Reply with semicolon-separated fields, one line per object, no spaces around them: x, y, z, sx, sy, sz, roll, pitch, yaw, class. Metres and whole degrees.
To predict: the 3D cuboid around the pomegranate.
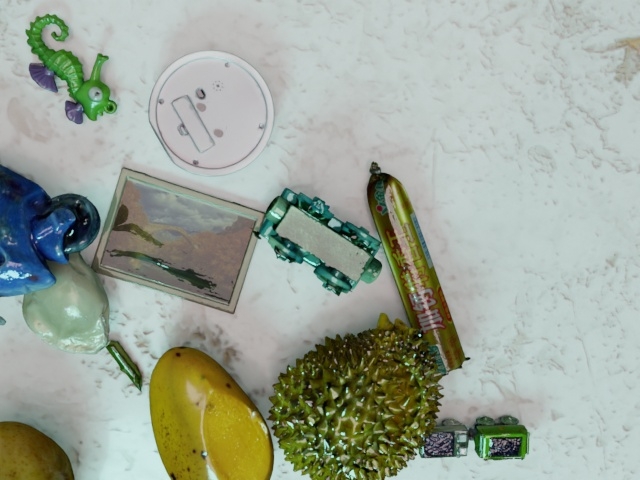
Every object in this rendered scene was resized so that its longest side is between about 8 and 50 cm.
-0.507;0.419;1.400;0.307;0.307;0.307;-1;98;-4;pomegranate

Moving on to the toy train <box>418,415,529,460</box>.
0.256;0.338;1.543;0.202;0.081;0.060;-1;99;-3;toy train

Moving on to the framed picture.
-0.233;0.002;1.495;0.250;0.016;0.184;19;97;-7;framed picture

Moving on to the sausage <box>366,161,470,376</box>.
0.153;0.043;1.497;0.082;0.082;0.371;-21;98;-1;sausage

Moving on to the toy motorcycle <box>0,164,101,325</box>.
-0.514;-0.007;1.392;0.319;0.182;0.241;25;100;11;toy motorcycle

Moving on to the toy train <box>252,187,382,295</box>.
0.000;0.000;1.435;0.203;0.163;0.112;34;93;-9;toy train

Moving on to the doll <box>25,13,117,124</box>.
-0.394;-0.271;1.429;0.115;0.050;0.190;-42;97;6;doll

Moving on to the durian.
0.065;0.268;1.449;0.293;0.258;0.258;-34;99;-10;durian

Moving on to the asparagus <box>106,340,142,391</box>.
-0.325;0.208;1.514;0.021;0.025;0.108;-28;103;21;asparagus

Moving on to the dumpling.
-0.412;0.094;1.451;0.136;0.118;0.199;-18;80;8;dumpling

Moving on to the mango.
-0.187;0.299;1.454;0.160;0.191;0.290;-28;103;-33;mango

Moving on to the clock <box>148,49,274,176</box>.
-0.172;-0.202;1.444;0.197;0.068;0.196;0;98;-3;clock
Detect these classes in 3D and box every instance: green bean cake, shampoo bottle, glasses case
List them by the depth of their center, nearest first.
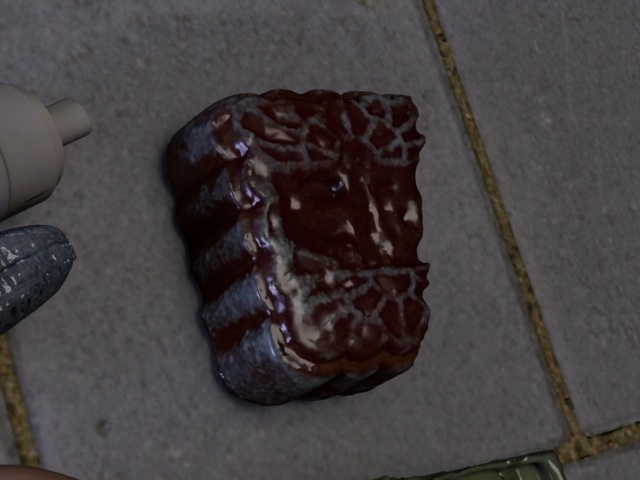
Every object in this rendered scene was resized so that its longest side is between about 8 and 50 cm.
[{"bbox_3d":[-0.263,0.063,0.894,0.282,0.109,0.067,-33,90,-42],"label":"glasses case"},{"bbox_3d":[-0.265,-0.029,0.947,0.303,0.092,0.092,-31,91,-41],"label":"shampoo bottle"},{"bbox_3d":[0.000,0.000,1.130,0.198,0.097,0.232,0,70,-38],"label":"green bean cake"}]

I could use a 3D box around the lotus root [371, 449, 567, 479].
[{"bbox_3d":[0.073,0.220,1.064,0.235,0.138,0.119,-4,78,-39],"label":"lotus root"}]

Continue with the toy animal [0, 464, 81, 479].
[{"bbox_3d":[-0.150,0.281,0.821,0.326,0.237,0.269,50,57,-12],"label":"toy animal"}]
════════
Output the lines above exactly, but only those between the line holding "Moving on to the framed picture." and the line holding "List them by", inclusive.

Moving on to the framed picture.
-0.233;0.002;1.495;0.250;0.016;0.184;19;97;-7;framed picture

Moving on to the sausage <box>366,161,470,376</box>.
0.153;0.043;1.497;0.082;0.082;0.371;-21;98;-1;sausage

Moving on to the toy motorcycle <box>0,164,101,325</box>.
-0.514;-0.007;1.392;0.319;0.182;0.241;25;100;11;toy motorcycle

Moving on to the toy train <box>252,187,382,295</box>.
0.000;0.000;1.435;0.203;0.163;0.112;34;93;-9;toy train

Moving on to the doll <box>25,13,117,124</box>.
-0.394;-0.271;1.429;0.115;0.050;0.190;-42;97;6;doll

Moving on to the durian.
0.065;0.268;1.449;0.293;0.258;0.258;-34;99;-10;durian

Moving on to the asparagus <box>106,340,142,391</box>.
-0.325;0.208;1.514;0.021;0.025;0.108;-28;103;21;asparagus

Moving on to the dumpling.
-0.412;0.094;1.451;0.136;0.118;0.199;-18;80;8;dumpling

Moving on to the mango.
-0.187;0.299;1.454;0.160;0.191;0.290;-28;103;-33;mango

Moving on to the clock <box>148,49,274,176</box>.
-0.172;-0.202;1.444;0.197;0.068;0.196;0;98;-3;clock
Detect these classes in 3D and box every instance: green bean cake, shampoo bottle, glasses case
List them by the depth of their center, nearest first.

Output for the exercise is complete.